Update October 20205
We have installed the spark-operator on the dse-k8s-eqiad cluster and it can be used to execute an example job.
However, we now need to facilitate more meaningful testing by the Data-Engineering team, which means that we need spark to be able to reach out to data sources and sinks, with appropriate authentication, authorization, and monitoring capabilities.
Our goal is to have Airflow be able to launch spark jobs that run on the dse-k8s cluster, so we have shifted the focus away from regular users on stat servers, for the time being.
The sparkctl binary has been deprecated and dropped from recent versions of the spark-operator.
The spark-operator project itself has been adopted by kubeflow, so is now hosted at: https://github.com/kubeflow/spark-operator
Original ticket description follows:
This ticket is closely aligned with T318535: Document ideas & investigation results from out spike with "Spark on k8s" [SPIKE - 1.5 Sprints] and forms part of an early, experimentation phase of T308317: Data Infrastructure as a Service MVP, in support of T302728: Analytics Platform Future State Planing.

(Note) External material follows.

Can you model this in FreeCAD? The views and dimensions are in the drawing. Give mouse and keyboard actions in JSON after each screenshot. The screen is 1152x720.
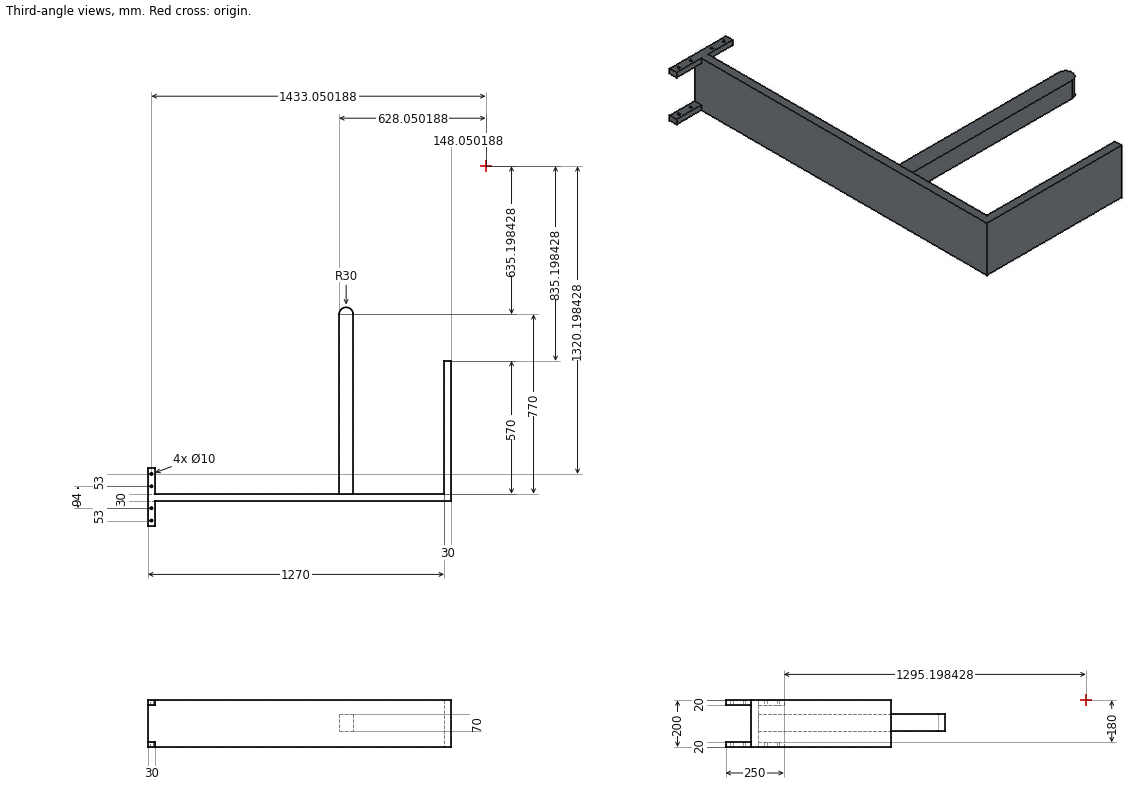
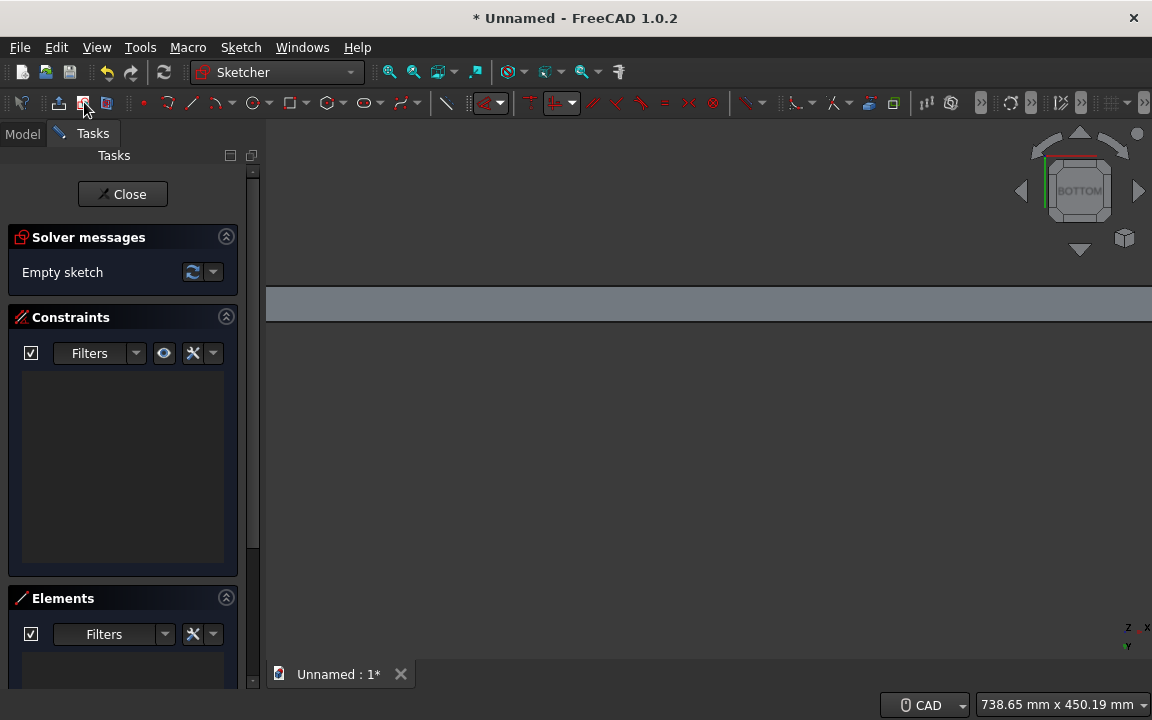
{"action": "scroll", "coordinate": [640, 389], "scroll_direction": "down", "scroll_amount": 5}
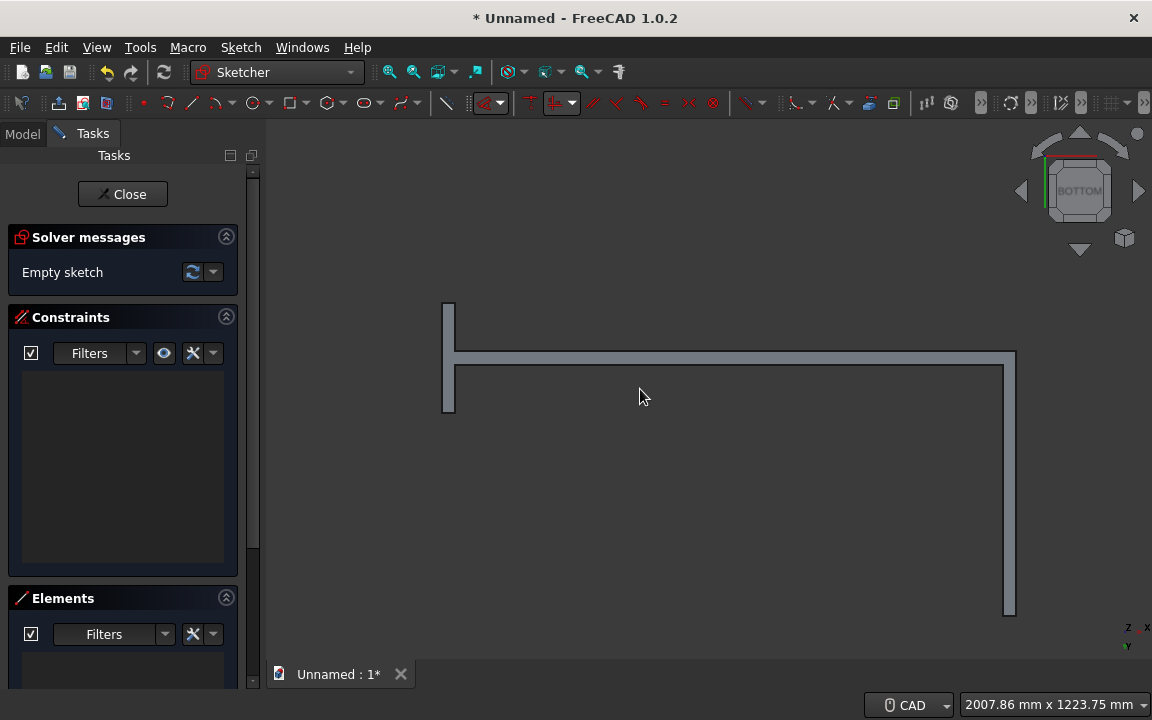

We would like to be able to test the Spark on K8S operator on the DSE cluster: https://github.com/GoogleCloudPlatform/spark-on-k8s-operator
The intended outcome is to be able to execute a spark job as a normal user on a stat box using sparkctl create
https://github.com/GoogleCloudPlatform/spark-on-k8s-operator/blob/master/sparkctl/README.md#create.
The nature of the spark job itself is not important at this stage. It could be stateless.
In future we will need to investigate both HDFS and Ceph storage back-ends capabilities.
Goal:
Run Spark K8 Operator on the DSE Cluster
Task:
- Make the spark-on-k8s operator packages/images available for use
- Add the spark-on-k8s operator privileged components to the dse-k8s cluster
-
Add the sparkctl binary to the stat boxes - Submit a spark job to the dse-k8s cluster
Outcomes:
- Can successfully launch a spark job on the dse-k8s cluster with sparkctl from a stat box and monitor/log its execution.